Centre for International Health Protection, Robert Koch Institute, Berlin, Germany.
Front Immunol. 2022 Aug 24;13:940562. doi: 10.3389/fimmu.2022.940562. eCollection 2022.
The severe acute respiratory syndrome coronavirus 2 (SARS-CoV-2) Omicron variant is currently the dominant variant globally. This third interim analysis of a living systematic review summarizes evidence on the effectiveness of the coronavirus disease 2019 (COVID-19) vaccine (vaccine effectiveness, VE) and duration of protection against Omicron.
We systematically searched literature on COVID-19 for controlled studies, evaluating the effectiveness of COVID-19 vaccines approved in the European Union up to 14/01/2022, complemented by hand searches of websites and metasearch engines up to 11/02/2022. We considered the following comparisons: full primary immunization vs. no vaccination, booster immunization vs. no vaccination, and booster vs. full primary immunization. VE against any confirmed SARS-CoV-2 infection, symptomatic, and severe COVID-19 (i.e., COVID-19-related hospitalization, ICU admission, or death) was indicated, providing estimate ranges. Meta-analysis was not performed due to high study heterogeneity. The risk of bias was assessed with ROBINS-I, and the certainty of the evidence was evaluated using GRADE.
We identified 26 studies, including 430 to 2.2 million participants, which evaluated VE estimates against infections with the SARS-CoV-2 Omicron variant. VE against any confirmed SARS-CoV-2 infection ranged between 0-62% after full primary immunization and between 34-66% after a booster dose compared to no vaccination.

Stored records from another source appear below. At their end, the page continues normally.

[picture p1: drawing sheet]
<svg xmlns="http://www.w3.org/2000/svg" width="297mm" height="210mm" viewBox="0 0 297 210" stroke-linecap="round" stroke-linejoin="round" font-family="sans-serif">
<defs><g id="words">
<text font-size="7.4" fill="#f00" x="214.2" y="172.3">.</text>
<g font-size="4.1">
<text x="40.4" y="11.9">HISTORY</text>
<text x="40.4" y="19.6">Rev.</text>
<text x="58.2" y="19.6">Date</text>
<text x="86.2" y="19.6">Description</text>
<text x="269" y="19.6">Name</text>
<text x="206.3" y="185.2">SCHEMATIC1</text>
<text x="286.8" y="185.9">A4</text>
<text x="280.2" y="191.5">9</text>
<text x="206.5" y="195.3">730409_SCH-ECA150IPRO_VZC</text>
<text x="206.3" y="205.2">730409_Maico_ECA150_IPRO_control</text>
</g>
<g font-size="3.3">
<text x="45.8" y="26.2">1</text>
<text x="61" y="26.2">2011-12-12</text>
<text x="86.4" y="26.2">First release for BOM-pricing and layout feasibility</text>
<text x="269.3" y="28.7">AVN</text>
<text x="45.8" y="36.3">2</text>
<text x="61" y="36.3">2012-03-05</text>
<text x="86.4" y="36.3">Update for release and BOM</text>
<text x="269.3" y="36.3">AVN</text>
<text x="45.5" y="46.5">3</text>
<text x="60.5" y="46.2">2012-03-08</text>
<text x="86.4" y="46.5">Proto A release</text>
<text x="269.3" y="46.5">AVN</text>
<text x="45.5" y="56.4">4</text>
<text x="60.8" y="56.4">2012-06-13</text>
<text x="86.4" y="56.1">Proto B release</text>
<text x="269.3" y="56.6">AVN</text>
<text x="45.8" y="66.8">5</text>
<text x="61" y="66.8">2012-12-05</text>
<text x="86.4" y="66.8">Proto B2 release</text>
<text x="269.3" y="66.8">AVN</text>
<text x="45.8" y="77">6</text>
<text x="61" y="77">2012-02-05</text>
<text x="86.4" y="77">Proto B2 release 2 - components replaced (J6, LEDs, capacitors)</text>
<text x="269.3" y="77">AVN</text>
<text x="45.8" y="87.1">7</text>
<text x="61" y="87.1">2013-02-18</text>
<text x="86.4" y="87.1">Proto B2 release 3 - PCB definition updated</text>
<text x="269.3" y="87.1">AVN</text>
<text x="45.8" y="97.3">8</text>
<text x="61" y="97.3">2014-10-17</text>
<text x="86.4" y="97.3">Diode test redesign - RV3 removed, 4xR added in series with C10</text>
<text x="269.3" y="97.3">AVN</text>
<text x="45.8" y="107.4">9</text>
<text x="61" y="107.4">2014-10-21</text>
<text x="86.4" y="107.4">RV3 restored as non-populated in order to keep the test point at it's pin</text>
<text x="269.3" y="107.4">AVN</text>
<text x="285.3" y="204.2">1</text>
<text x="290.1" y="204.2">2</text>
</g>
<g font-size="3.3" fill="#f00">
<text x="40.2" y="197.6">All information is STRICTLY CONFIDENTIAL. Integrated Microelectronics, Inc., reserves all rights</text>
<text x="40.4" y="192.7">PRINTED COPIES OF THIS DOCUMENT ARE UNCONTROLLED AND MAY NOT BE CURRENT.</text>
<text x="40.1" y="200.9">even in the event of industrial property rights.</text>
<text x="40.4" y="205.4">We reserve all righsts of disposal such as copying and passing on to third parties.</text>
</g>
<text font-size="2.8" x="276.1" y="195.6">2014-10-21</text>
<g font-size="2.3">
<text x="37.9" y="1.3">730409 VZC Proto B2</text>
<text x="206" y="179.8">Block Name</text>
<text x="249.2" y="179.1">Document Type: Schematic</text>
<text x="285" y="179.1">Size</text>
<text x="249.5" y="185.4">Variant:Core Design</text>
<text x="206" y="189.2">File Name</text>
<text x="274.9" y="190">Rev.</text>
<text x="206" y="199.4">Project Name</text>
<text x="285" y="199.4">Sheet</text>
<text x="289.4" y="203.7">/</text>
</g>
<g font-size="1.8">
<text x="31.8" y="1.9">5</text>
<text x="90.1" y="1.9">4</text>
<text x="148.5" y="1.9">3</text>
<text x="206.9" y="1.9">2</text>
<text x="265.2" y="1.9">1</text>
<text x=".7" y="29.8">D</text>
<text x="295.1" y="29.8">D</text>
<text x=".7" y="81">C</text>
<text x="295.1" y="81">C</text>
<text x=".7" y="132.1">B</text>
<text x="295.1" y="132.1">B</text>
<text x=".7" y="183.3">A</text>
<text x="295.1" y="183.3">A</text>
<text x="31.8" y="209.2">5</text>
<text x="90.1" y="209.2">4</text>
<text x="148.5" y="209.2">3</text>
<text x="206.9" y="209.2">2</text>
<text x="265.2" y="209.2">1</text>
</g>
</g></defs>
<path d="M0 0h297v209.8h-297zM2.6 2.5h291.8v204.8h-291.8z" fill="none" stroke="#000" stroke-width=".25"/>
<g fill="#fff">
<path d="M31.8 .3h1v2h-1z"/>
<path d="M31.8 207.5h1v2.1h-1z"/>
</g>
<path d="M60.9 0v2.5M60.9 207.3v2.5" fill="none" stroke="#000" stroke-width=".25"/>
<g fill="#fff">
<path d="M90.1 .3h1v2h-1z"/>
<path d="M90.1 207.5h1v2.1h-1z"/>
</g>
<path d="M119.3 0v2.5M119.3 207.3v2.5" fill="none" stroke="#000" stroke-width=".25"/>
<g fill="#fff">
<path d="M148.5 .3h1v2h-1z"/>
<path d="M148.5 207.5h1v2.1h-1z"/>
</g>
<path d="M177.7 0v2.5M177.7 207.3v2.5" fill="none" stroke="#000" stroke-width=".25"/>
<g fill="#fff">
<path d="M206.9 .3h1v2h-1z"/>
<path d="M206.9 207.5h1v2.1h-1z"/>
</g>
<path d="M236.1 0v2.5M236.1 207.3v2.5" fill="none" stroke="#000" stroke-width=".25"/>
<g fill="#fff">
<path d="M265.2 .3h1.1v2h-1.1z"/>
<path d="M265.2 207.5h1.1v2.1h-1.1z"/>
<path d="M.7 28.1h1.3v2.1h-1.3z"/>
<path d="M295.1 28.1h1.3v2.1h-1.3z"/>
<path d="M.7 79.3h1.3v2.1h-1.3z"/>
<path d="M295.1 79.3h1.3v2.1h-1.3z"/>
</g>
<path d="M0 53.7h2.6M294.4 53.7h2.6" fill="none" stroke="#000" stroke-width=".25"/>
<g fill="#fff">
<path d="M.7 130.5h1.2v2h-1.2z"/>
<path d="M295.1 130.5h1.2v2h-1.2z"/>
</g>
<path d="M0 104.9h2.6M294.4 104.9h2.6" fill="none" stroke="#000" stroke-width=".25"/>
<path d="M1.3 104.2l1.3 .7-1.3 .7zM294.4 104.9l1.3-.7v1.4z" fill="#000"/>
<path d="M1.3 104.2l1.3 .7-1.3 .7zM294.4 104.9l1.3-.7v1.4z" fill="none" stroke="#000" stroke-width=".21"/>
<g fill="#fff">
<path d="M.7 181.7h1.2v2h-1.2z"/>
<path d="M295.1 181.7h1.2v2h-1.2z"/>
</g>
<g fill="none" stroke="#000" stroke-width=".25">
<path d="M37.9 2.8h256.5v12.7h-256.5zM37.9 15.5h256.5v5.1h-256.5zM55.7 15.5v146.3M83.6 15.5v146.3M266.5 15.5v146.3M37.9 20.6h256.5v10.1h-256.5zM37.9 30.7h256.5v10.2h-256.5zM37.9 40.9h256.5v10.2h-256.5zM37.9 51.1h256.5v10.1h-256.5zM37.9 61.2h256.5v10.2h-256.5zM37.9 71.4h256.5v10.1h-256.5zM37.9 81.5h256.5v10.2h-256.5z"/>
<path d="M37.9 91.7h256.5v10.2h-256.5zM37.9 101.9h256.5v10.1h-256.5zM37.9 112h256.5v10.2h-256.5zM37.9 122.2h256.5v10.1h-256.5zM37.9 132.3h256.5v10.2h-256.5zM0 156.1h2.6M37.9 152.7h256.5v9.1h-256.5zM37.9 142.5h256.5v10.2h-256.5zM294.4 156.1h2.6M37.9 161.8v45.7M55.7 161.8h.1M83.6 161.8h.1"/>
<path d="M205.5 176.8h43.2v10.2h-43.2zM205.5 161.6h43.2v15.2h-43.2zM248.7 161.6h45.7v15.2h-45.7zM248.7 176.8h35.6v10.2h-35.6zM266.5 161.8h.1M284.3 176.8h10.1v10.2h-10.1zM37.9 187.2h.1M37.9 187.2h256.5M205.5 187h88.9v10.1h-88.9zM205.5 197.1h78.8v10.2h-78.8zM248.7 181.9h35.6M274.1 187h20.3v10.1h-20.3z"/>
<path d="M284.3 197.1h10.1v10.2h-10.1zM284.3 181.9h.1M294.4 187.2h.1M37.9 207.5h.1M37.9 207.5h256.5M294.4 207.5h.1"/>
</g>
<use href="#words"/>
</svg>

VE range for booster vs. full primary immunization was 34-54.6%. After full primary immunization VE against symptomatic COVID-19 ranged between 6-76%. After booster immunization VE ranged between 3-84% compared to no vaccination and between 56-69% compared to full primary immunization. VE against severe COVID-19 ranged between 3-84% after full primary immunization and between 12-100% after booster immunization compared to no vaccination, and 100% (95% CI 71.4-100) compared to full primary immunization (data from only one study). VE was characterized by a moderate to strong decline within 3-6 months for SARS-CoV-2 infections and symptomatic COVID-19. Against severe COVID-19, protection remained robust for at least up to 6 months. Waning immunity was more profound after primary than booster immunization. The risk of bias was moderate to critical across studies and outcomes. GRADE certainty was very low for all outcomes.
Under the Omicron variant, the effectiveness of EU-licensed COVID-19 vaccines in preventing any SARS-CoV-2 infection is low and only short-lasting after full primary immunization, but can be improved by booster vaccination. VE against severe COVID-19 remains high and is long-lasting, especially after receiving the booster vaccination.
严重急性呼吸综合征冠状病毒 2(SARS-CoV-2)的奥密克戎变体目前是全球的主要变体。本研究对一项正在进行的系统评价的第三次中期分析总结了 COVID-19 疫苗(疫苗有效性,VE)对奥密克戎的有效性和保护持续时间的证据。
我们系统地检索了 COVID-19 的文献,评估了截至 2022 年 1 月 14 日在欧盟批准的 COVID-19 疫苗的有效性,补充了截至 2022 年 2 月 11 日对手册搜索网站和元搜索引擎的搜索。我们考虑了以下比较:全初级免疫与无接种、加强免疫与无接种以及加强免疫与全初级免疫。表明对任何确认的 SARS-CoV-2 感染、症状性和严重 COVID-19(即 COVID-19 相关住院、入住 ICU 或死亡)的 VE,提供估计范围。由于研究异质性高,未进行荟萃分析。使用 ROBINS-I 评估偏倚风险,并使用 GRADE 评估证据确定性。
我们确定了 26 项研究,其中包括 430 至 220 万人参与,评估了针对 SARS-CoV-2 奥密克戎变体感染的 VE 估计值。与无接种相比,全初级免疫后的任何确认的 SARS-CoV-2 感染的 VE 范围在 0-62%之间,而加强免疫后的 VE 范围在 34-66%之间。与全初级免疫相比,加强免疫与全初级免疫的 VE 范围为 34-54.6%。全初级免疫后,针对症状性 COVID-19 的 VE 范围在 6-76%之间。与无接种相比,加强免疫后的 VE 范围在 3-84%之间,与全初级免疫相比,VE 范围在 56-69%之间。与无接种相比,全初级免疫后针对严重 COVID-19 的 VE 范围在 3-84%之间,加强免疫后在 12-100%之间,与全初级免疫相比为 100%(95%CI71.4-100)(来自一项研究的数据)。VE 的特点是在 3-6 个月内针对 SARS-CoV-2 感染和症状性 COVID-19 的下降幅度较大。针对严重 COVID-19,至少在 6 个月内保持强大的保护作用。初级免疫后的免疫下降比加强免疫更为明显。在所有研究和结果中,偏倚风险均为中度至高度。所有结果的 GRADE 确定性均为极低。
在奥密克戎变体下,欧盟许可的 COVID-19 疫苗在预防任何 SARS-CoV-2 感染方面的有效性较低,并且在全初级免疫后仅持续短暂时间,但可通过加强接种来提高。针对严重 COVID-19 的 VE 仍然很高且持久,尤其是在接受加强接种后。